Exercise directions.
Repeat the records below exactly, leaving out any pictures.
(Given data)
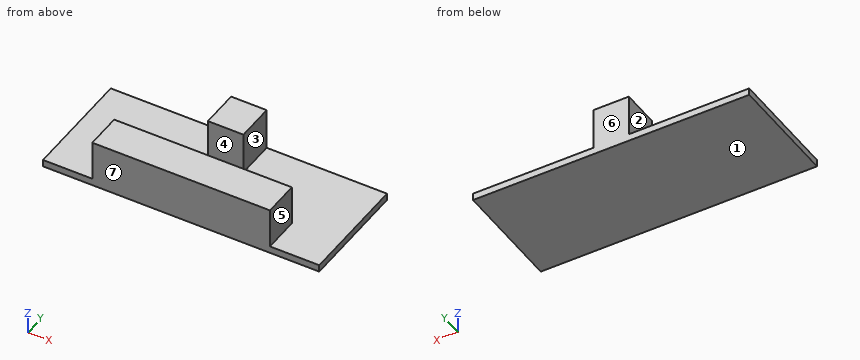
```python
from build123d import *

# Parameters (mm, degrees)
SKETCH1_W           = 62.2
SKETCH1_H           = 25.4
PCB_DEPTH           = 1.6
SKETCH2_W           = 40
SKETCH2_H           = 8.2
SERVO_HEADERS_DEPTH = 9
SKETCH3_W           = 8
SKETCH3_H           = 8.7
V_TERMINAL_DEPTH    = 9.4


with BuildPart() as part:
    # Sketch1 → PCB (new body)
    with BuildSketch(Plane.XY):
        Rectangle(SKETCH1_W, SKETCH1_H)
    extrude(amount=PCB_DEPTH)

    # Sketch2 → Servo_headers (add)
    with BuildSketch(Plane.XY.offset(1.6)):
        with Locations((0, -8.6)):
            Rectangle(SKETCH2_W, SKETCH2_H)
    extrude(amount=SERVO_HEADERS_DEPTH)

    # Sketch3 → V+_terminal (add)
    with BuildSketch(Plane.XY.offset(1.6)):
        with Locations((0, 8.35)):
            Rectangle(SKETCH3_W, SKETCH3_H)
    extrude(amount=V_TERMINAL_DEPTH)


solid = part.part
```
The listing builds one solid part. Answer for the finished solid, in the listing's coordinates (mm). Face numbers are marked on the shaded views. A direction names the side the tool comes from. Give positions to 0.01 mm unless a question says otherwise; leave off trailing zeros. Write each loop counter-clockwise with the first axis right and the second up, starting at its lowest first coordinate (ties: lowest second). Pieces come first, ordered by that corner, then holes. Notation, with made-up numbers: (37, 1.5) -> (59, 1.5) arc R19 cw to (59, 33.5) -> close; hole circle Ø10 at (71.5, 75.5). An arc over 180 degrees is marked (long way). Use one line per item in the form item = value.
1) Section C-C on x = -16.5 is taken. Write down the section's boundary in (y, z).
Result:
outline = (-12.7, 0) -> (12.7, 0) -> (12.7, 1.6) -> (-4.5, 1.6) -> (-4.5, 10.6) -> (-12.7, 10.6) -> close
2) Section A-A on z = 6.25 is taken. Write down the section's boundary in (x, y), plus the area to 3 significant figures.
Result:
outline = (-20, -12.7) -> (20, -12.7) -> (20, -4.5) -> (-20, -4.5) -> close; (-4, 4) -> (4, 4) -> (4, 12.7) -> (-4, 12.7) -> close
area = 398 mm²
3) Section D-D on y = -8 is taken. Write down the section's boundary in (x, z).
Result:
outline = (-31.1, 0) -> (31.1, 0) -> (31.1, 1.6) -> (20, 1.6) -> (20, 10.6) -> (-20, 10.6) -> (-20, 1.6) -> (-31.1, 1.6) -> close
4) Section B-B on y = 9.5 is taken. Write down the section's boundary in (x, z).
Result:
outline = (-31.1, 0) -> (31.1, 0) -> (31.1, 1.6) -> (4, 1.6) -> (4, 11) -> (-4, 11) -> (-4, 1.6) -> (-31.1, 1.6) -> close
5) A tool of negligible diameter and unlimited length cuts with its end or side. For the marked faces 1, 2 and 3, from which of +Z, -Z, +X, -X, +Y, -Y can it reach the whole face along a straight path? Write none if from no direction.
Result:
face_1 = -Z, +X, -X, +Y, -Y
face_2 = +Z, -X, +Y
face_3 = +Z, +X, +Y
6) For a pull along Y with two mould halves and no side action, classify the marked faces 4, 5, 6 and 7 as +Y half, -Y half, draft (parallel to the pull), parting line (faces both ways), or undercut.
Result:
face_4 = undercut
face_5 = draft
face_6 = +Y half
face_7 = -Y half
7) Straight lines are drawn through the part: probe 1 along Y at (x, z) = (-2.5, 2.5); probe 2 along Z at (x, y) = (5, 3.25); probe 3 along Z at (x, y) = (16, -7.5). For each, find the intervals that lie inside material, in ascending order.
Result:
probe_1 = -12.7 to -4.5, 4 to 12.7
probe_2 = 0 to 1.6
probe_3 = 0 to 10.6
8) Each of these flat-tipped pins is pushed along its axis until it touches: P1, Ø4.5, axis at y = 6, z = 4.5, coming from the -X side; P2, Ø5, axis at x = -21, y = 3, coming from the +Z side; P3, Ø4, axis at y = -7, z = 4.5, coming from the +X side. Where does it stop, or does it pass through?
Result:
P1 = -4
P2 = 1.6
P3 = 20
(End Given data)
Solution to this problem.
```python
from build123d import *

# Parameters (mm, degrees)
SKETCH1_W           = 62.2
SKETCH1_H           = 25.4
PCB_DEPTH           = 1.6
SKETCH2_W           = 40
SKETCH2_H           = 8.2
SERVO_HEADERS_DEPTH = 9
SKETCH3_W           = 8
SKETCH3_H           = 8.7
V_TERMINAL_DEPTH    = 9.4


with BuildPart() as part:
    # Sketch1 → PCB (new body)
    with BuildSketch(Plane.XY):
        Rectangle(SKETCH1_W, SKETCH1_H)
    extrude(amount=PCB_DEPTH)

    # Sketch2 → Servo_headers (add)
    with BuildSketch(Plane.XY.offset(1.6)):
        with Locations((0, -8.6)):
            Rectangle(SKETCH2_W, SKETCH2_H)
    extrude(amount=SERVO_HEADERS_DEPTH)

    # Sketch3 → V+_terminal (add)
    with BuildSketch(Plane.XY.offset(1.6)):
        with Locations((0, 8.35)):
            Rectangle(SKETCH3_W, SKETCH3_H)
    extrude(amount=V_TERMINAL_DEPTH)


solid = part.part
```
The listing builds one solid part. Answer for the finished solid, in the listing's coordinates (mm). Face numbers are marked on the shaded views. A direction names the side the tool comes from. Give positions to 0.01 mm unless a question says otherwise; leave off trailing zeros. Write each loop counter-clockwise with the first axis right and the second up, starting at its lowest first coordinate (ties: lowest second). Pieces come first, ordered by that corner, then holes. Notation, with made-up numbers: (37, 1.5) -> (59, 1.5) arc R19 cw to (59, 33.5) -> close; hole circle Ø10 at (71.5, 75.5). An arc over 180 degrees is marked (long way). Use one line per item in the form item = value.
1) Section C-C on x = -16.5 is taken. Write down the section's boundary in (y, z).
Result:
outline = (-12.7, 0) -> (12.7, 0) -> (12.7, 1.6) -> (-4.5, 1.6) -> (-4.5, 10.6) -> (-12.7, 10.6) -> close
2) Section A-A on z = 6.25 is taken. Write down the section's boundary in (x, y), plus the area to 3 significant figures.
Result:
outline = (-20, -12.7) -> (20, -12.7) -> (20, -4.5) -> (-20, -4.5) -> close; (-4, 4) -> (4, 4) -> (4, 12.7) -> (-4, 12.7) -> close
area = 398 mm²
3) Section D-D on y = -8 is taken. Write down the section's boundary in (x, z).
Result:
outline = (-31.1, 0) -> (31.1, 0) -> (31.1, 1.6) -> (20, 1.6) -> (20, 10.6) -> (-20, 10.6) -> (-20, 1.6) -> (-31.1, 1.6) -> close
4) Section B-B on y = 9.5 is taken. Write down the section's boundary in (x, z).
Result:
outline = (-31.1, 0) -> (31.1, 0) -> (31.1, 1.6) -> (4, 1.6) -> (4, 11) -> (-4, 11) -> (-4, 1.6) -> (-31.1, 1.6) -> close
5) A tool of negligible diameter and unlimited length cuts with its end or side. For the marked faces 1, 2 and 3, from which of +Z, -Z, +X, -X, +Y, -Y can it reach the whole face along a straight path? Write none if from no direction.
Result:
face_1 = -Z, +X, -X, +Y, -Y
face_2 = +Z, -X, +Y
face_3 = +Z, +X, +Y
6) For a pull along Y with two mould halves and no side action, classify the marked faces 4, 5, 6 and 7 as +Y half, -Y half, draft (parallel to the pull), parting line (faces both ways), or undercut.
Result:
face_4 = undercut
face_5 = draft
face_6 = +Y half
face_7 = -Y half
7) Straight lines are drawn through the part: probe 1 along Y at (x, z) = (-2.5, 2.5); probe 2 along Z at (x, y) = (5, 3.25); probe 3 along Z at (x, y) = (16, -7.5). For each, find the intervals that lie inside material, in ascending order.
Result:
probe_1 = -12.7 to -4.5, 4 to 12.7
probe_2 = 0 to 1.6
probe_3 = 0 to 10.6
8) Each of these flat-tipped pins is pushed along its axis until it touches: P1, Ø4.5, axis at y = 6, z = 4.5, coming from the -X side; P2, Ø5, axis at x = -21, y = 3, coming from the +Z side; P3, Ø4, axis at y = -7, z = 4.5, coming from the +X side. Where does it stop, or does it pass through?
Result:
P1 = -4
P2 = 1.6
P3 = 20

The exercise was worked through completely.